Collection entries:
- - - - -
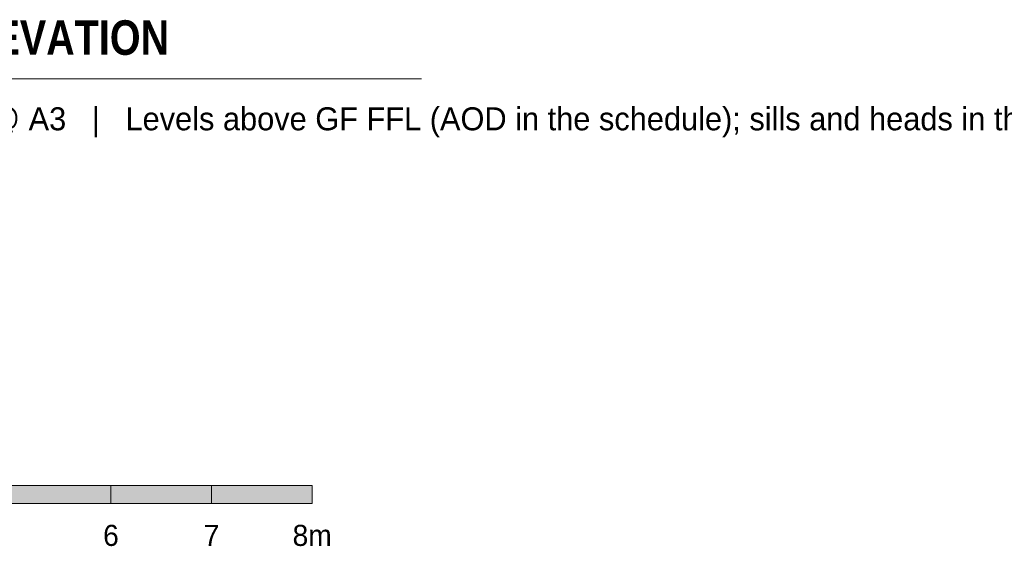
# Model space of a CAD drawing. Header units: millimetres. Extents: x -36393 to 5222, y -9916 to 31439.
# Tile 2 of 115: x -31235 to -21448, y -9184 to -3953. Entities that reach past the tile are written whole.
import ezdxf
from ezdxf.enums import TextEntityAlignment as Align

# ---------------------------------------------------------------- set-up
doc = ezdxf.new("R2010")
doc.units = ezdxf.units.MM
for name, color, linetype in [('FILL-INK', 7, 'Continuous'), ('FILL-WHITE', 7, 'Continuous'), ('LINE-INK', 7, 'Continuous'), ('TEXT-INK', 7, 'Continuous'), ('TEXT-STEEL_GREY', 7, 'Continuous')]:
    doc.layers.add(name, color=color, linetype=linetype)
doc.styles.add('OpenSansCondensed-Bold', font='OpenSansCondensed-Bold.ttf')

msp = doc.modelspace()

# ---------------------------------------------------------------- hatches: boundary and pattern name
at = {"layer": 'FILL-INK', "true_color": 0x14141a}
h = msp.add_hatch(color=256, dxfattribs=at)
h.dxf.hatch_style = 1
h.paths.add_polyline_path([(-30327.7, -8760.7), (-29327.7, -8760.7), (-29327.7, -8580.7), (-30327.7, -8580.7)])
at = {"layer": 'FILL-WHITE', "true_color": 0xffffff}
h = msp.add_hatch(color=256, dxfattribs=at)
h.dxf.hatch_style = 1
h.paths.add_polyline_path([(-31327.7, -8760.7), (-30327.7, -8760.7), (-30327.7, -8580.7), (-31327.7, -8580.7)])
h = msp.add_hatch(color=256, dxfattribs=at)
h.dxf.hatch_style = 1
h.paths.add_polyline_path([(-29327.7, -8760.7), (-28327.7, -8760.7), (-28327.7, -8580.7), (-29327.7, -8580.7)])

# ---------------------------------------------------------------- linework, layer by layer
at = {"layer": 'LINE-INK', "lineweight": 5}
msp.add_line((-33240.9, -4541.6), (-27240.9, -4541.6), dxfattribs=at)
for points in [[(-31327.7, -8760.7), (-30327.7, -8760.7), (-30327.7, -8580.7), (-31327.7, -8580.7)], [(-30327.7, -8760.7), (-29327.7, -8760.7), (-29327.7, -8580.7), (-30327.7, -8580.7)], [(-29327.7, -8760.7), (-28327.7, -8760.7), (-28327.7, -8580.7), (-29327.7, -8580.7)]]:
    msp.add_lwpolyline(points, close=True, dxfattribs=at)

# ---------------------------------------------------------------- texts
at = {"layer": 'TEXT-INK', "style": 'OpenSansCondensed-Bold'}
msp.add_text('WEST ELEVATION', height=342.9, dxfattribs=at).set_placement((-33240.9, -4301.6))
at = {"layer": 'TEXT-INK'}
for s, height, p in [('6', 209.5, (-30327.7, -9180.7)), ('7', 209.5, (-29327.7, -9180.7)), ('8m', 209.55, (-28327.7, -9180.7))]:
    msp.add_text(s, height=height, dxfattribs=at).set_placement(p, align=Align.CENTER)
at = {"layer": 'TEXT-STEEL_GREY'}
msp.add_text('Scale 1:150 @ A3   |   Levels above GF FFL (AOD in the schedule); sills and heads in the schedule', height=228.6, dxfattribs=at).set_placement((-33240.9, -5051.6))

doc.saveas('drawing.dxf')
- - - - -
Task objective:
Begin at the line above that has "# Tile 2 of" and stop after the line that has "msp = doc.modelspace()", copying each line exactly and adding nothing else.

Result of this task:
# Tile 2 of 115: x -31235 to -21448, y -9184 to -3953. Entities that reach past the tile are written whole.
import ezdxf
from ezdxf.enums import TextEntityAlignment as Align

# ---------------------------------------------------------------- set-up
doc = ezdxf.new("R2010")
doc.units = ezdxf.units.MM
for name, color, linetype in [('FILL-INK', 7, 'Continuous'), ('FILL-WHITE', 7, 'Continuous'), ('LINE-INK', 7, 'Continuous'), ('TEXT-INK', 7, 'Continuous'), ('TEXT-STEEL_GREY', 7, 'Continuous')]:
    doc.layers.add(name, color=color, linetype=linetype)
doc.styles.add('OpenSansCondensed-Bold', font='OpenSansCondensed-Bold.ttf')

msp = doc.modelspace()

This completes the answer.